|
Three good things happen every day
Posts Tagged ‘Aged Aunt’
Thursday, November 26th, 2009
1. Here Comes The Son
2. A Long Cold Lonely Winter
3. The Ice Is Slowly Melting
Jackie Paper Came Back. He’s got his Gormiti Egg and his Turtle Guy, so who cares about sticker charts? Into the Big Bed at 2am. What a waste of wistfulness. Squashed between Son 1 aged 5y 2m and The Man, and boiling hot, I clambered out and went downstairs to the Double Bed. The Man followed later. Son 2 aged 2y 2m cried in his cot. The Man went and got him, and laid him down next to me. He pressed his soft little toddler face next to mine and went back to sleep.
Many hours and hundreds of miles later, The Man and I were at the Aged Aunt’s funeral. Also there: Eldest Brother, Grown Up Nephew, Grown Up Niece and her husband, Elder Brother, Sister In Law and Teenaged Niece, and Younger Sister and Godfather 2. Lots of elderly people, lifelong friends of the Aged Aunt and my late father. Elder Sister has cellulitis and couldn’t go. Nanna also couldn’t make it. Eldest Brother, the child of my father’s first marriage, was brought up by the Aged Aunt. Don’t Ask. The vicar said we were Giving Thanks For and Celebrating the Life of the Aged Aunt. The churchyard was closed for burials years ago, but they made an exception for her because she wanted to be buried near her parents and her grandfather. My father’s ashes are buried in our grandparents’ grave. As are the ashes of Younger Brother, whose death, 10 days before my 30th birthday, wrecked everyone’s lives for years and years. Don’t Ask. Again. There is a lot of Stuff in our family.

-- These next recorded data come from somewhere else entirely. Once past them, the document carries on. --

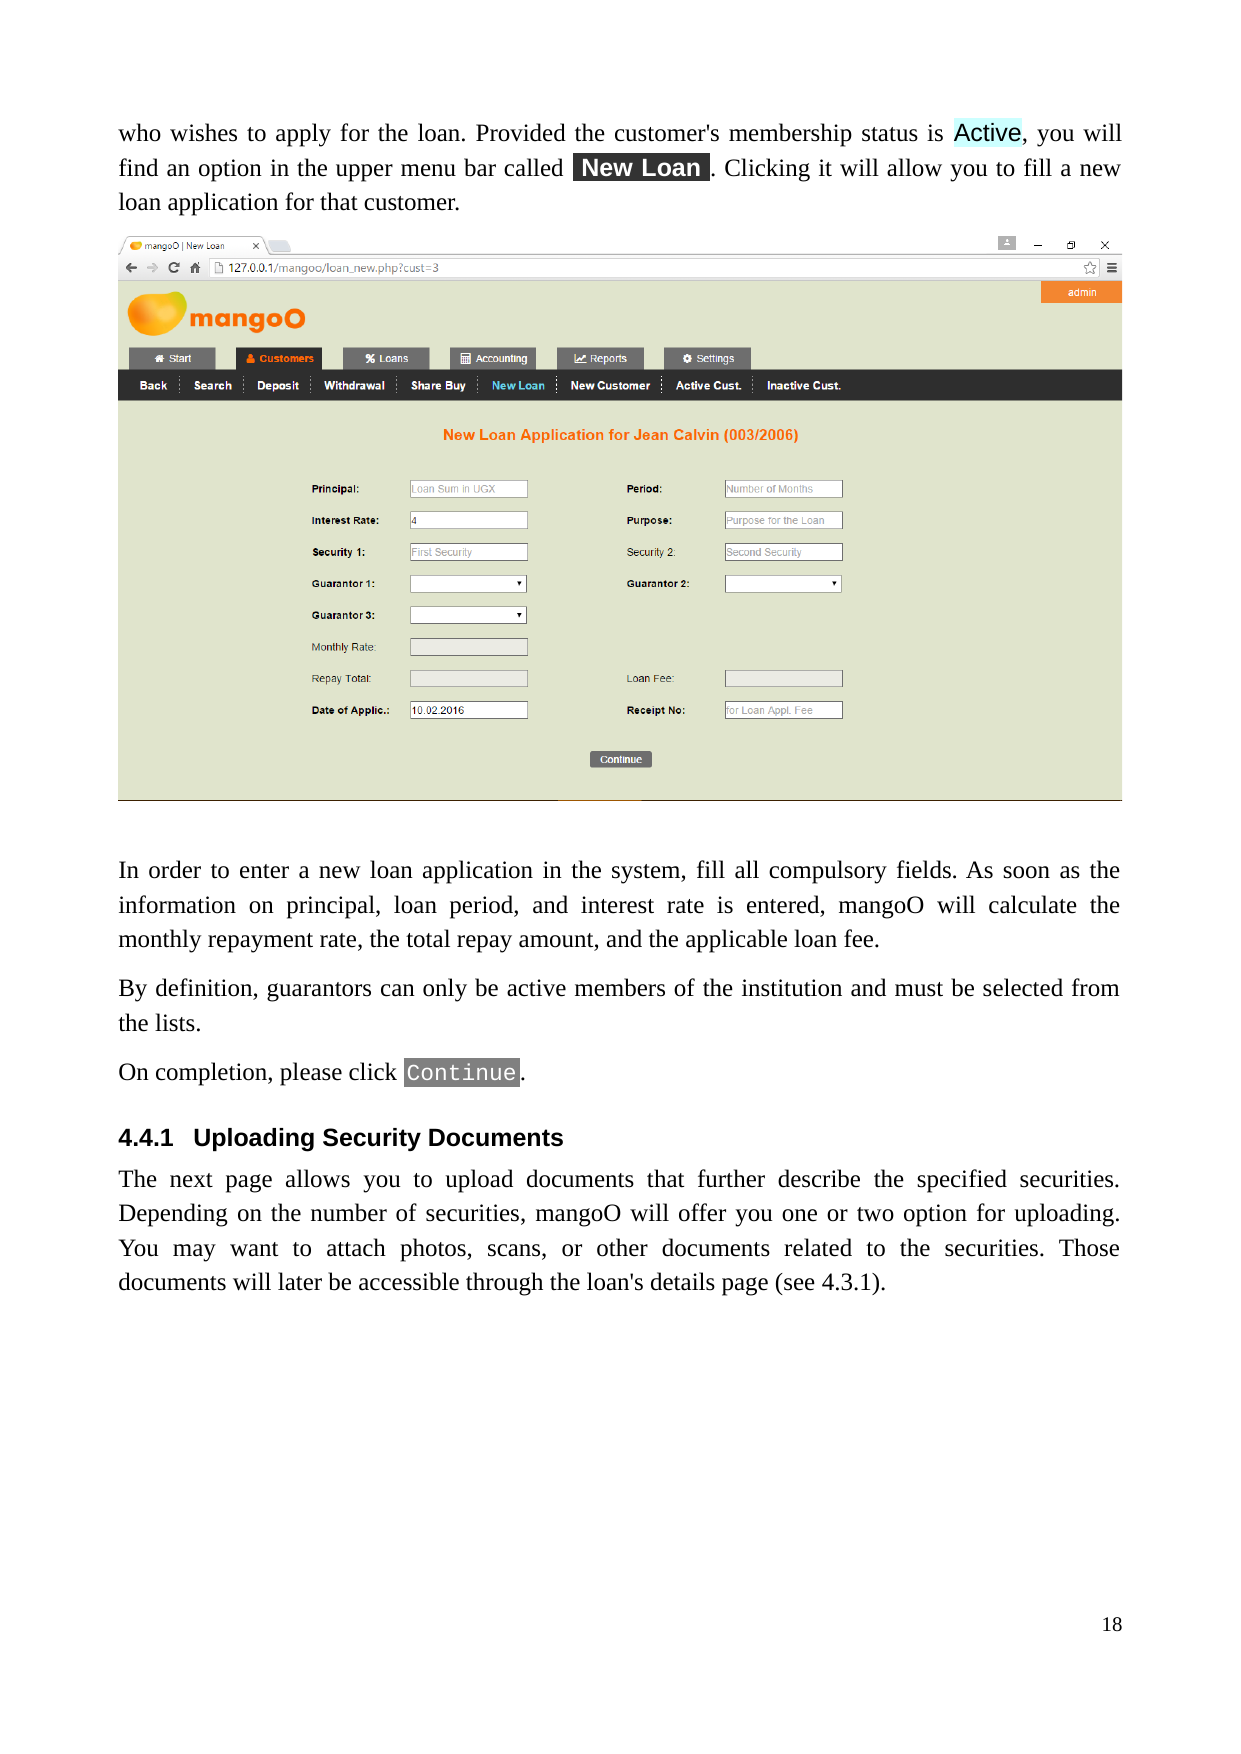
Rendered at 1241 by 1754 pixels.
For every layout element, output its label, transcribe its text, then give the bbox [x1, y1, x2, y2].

picture [118, 236, 1123, 801]
text In order to enter a new loan application in the system, fill all compulsory fields. As soon as the information on principal, loan period, and interest rate is entered, mangoO will calculate the monthly repayment rate, the total repay amount, and the applicable loan fee. [118, 856, 1122, 953]
text The next page allows you to upload documents that further describe the specified securities. Depending on the number of securities, mangoO will offer you one or two option for uploading. You may want to attach photos, scans, or other documents related to the securities. Those documents will later be accessible through the loan's details page (see 4.3.1). [118, 1164, 1122, 1296]
text On completion, please click Continue. [118, 1057, 1122, 1087]
text By definition, guarantors can only be active members of the institution and must be selected from the lists. [118, 973, 1122, 1037]
subtitle Uploading Security Documents [118, 1122, 1122, 1151]
text who wishes to apply for the loan. Provided the customer's membership status is Active, you will find an option in the upper menu bar called New Loan . Clicking it will allow you to fill a new loan application for that customer. [118, 118, 1122, 216]

Elder Brother, Sister In Law, Younger Sister, Godfather 2, Teenaged Niece, The Man and I lingered in the churchyard afterwards. The Aged Aunt’s grave was covered in flowers. We wanted some for her, and for the Other Grave. We walked over to a nearby florist, and everyone chose some. Sea Holly from Younger Sister. Cyclamen plants from Sister In Law and Teenaged Niece. Red Roses from Elder Brother. Michaelmas Daisies from me - our childhood garden was always full of them at this time of year. We laid them on the graves, and then walked across the town to Grown Up Niece’s house for tea and sandwiches. We didn’t have much to do with Eldest Brother as children - yet more Stuff - and only got to know each other as adults. I see much less of them than everyone else… I moved a long way away, a long time ago. It was good to be there. The Man and I drove all the way back again as night fell. Heavy showers hammered down on the windscreen as we crossed pitch black moorlands on the way home. And I thought about the flowers on the graves, in the dark, in the rain.
Tags: Aged Aunt, burial, co-sleeping, Elder Brother, Elder Sister, Eldest Brother, funeral, Godfather 2, Gormiti egg, graves, Grown Up Nephew, Grown Up Niece, jackie paper, michaelmas daisies, Nanna, Sister In Law, Teenaged Niece, Younger Brother, Younger Sister Posted in Thursdays | No Comments »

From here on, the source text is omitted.